Exercise goal. Set down exactly the lines below, starting at the one that contains "Be succinct. California, Georgia, Illinois, New" and ending at the one that contains "Tennessee, Virginia, Wisconsin.", with both of those lines included and nothing else.

Data to process.
[Start of section]

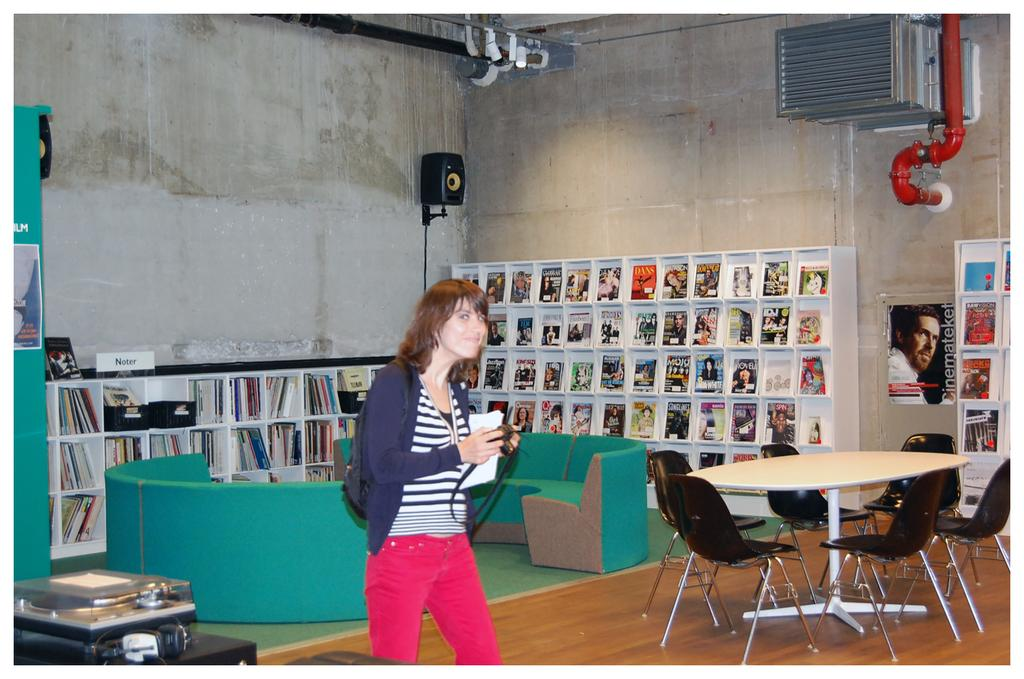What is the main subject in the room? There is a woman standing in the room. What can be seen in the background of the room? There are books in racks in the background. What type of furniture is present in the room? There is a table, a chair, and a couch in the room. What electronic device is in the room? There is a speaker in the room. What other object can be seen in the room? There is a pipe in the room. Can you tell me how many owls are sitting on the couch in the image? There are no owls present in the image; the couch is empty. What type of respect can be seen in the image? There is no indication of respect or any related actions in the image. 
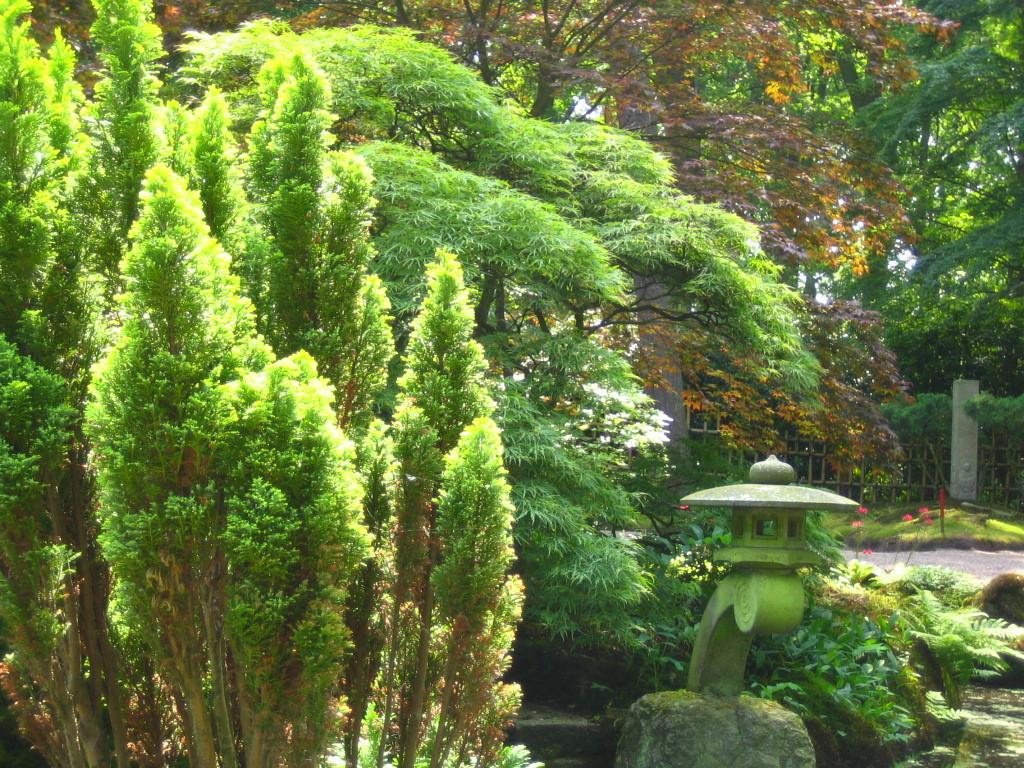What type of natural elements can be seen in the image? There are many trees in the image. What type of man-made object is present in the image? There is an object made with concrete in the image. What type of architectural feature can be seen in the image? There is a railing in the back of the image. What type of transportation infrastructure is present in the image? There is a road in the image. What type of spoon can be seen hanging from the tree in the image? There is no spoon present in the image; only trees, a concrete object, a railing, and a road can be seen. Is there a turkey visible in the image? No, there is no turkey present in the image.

[End of section]
[Start of section]

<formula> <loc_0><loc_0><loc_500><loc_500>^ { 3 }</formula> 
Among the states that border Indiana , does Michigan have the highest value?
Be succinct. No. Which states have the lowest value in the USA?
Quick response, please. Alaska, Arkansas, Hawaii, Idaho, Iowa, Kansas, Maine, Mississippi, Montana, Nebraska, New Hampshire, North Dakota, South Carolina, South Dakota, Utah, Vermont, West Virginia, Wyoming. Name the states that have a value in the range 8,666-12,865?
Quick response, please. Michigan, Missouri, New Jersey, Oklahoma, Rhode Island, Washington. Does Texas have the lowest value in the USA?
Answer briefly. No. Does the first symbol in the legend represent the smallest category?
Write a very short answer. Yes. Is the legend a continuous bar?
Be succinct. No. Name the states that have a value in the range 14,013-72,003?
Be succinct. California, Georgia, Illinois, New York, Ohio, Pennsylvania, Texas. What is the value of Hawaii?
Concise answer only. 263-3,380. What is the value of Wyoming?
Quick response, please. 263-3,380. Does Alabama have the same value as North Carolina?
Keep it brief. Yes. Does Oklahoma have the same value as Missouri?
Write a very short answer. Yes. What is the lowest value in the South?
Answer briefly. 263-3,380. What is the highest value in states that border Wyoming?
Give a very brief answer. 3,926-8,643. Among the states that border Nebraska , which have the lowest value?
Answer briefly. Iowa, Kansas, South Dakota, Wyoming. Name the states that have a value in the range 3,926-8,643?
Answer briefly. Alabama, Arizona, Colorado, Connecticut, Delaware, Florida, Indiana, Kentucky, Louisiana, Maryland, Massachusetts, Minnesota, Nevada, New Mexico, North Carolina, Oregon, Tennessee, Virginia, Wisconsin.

[End of section]

Problem solution.
Be succinct. California, Georgia, Illinois, New York, Ohio, Pennsylvania, Texas. What is the value of Hawaii?
Concise answer only. 263-3,380. What is the value of Wyoming?
Quick response, please. 263-3,380. Does Alabama have the same value as North Carolina?
Keep it brief. Yes. Does Oklahoma have the same value as Missouri?
Write a very short answer. Yes. What is the lowest value in the South?
Answer briefly. 263-3,380. What is the highest value in states that border Wyoming?
Give a very brief answer. 3,926-8,643. Among the states that border Nebraska , which have the lowest value?
Answer briefly. Iowa, Kansas, South Dakota, Wyoming. Name the states that have a value in the range 3,926-8,643?
Answer briefly. Alabama, Arizona, Colorado, Connecticut, Delaware, Florida, Indiana, Kentucky, Louisiana, Maryland, Massachusetts, Minnesota, Nevada, New Mexico, North Carolina, Oregon, Tennessee, Virginia, Wisconsin.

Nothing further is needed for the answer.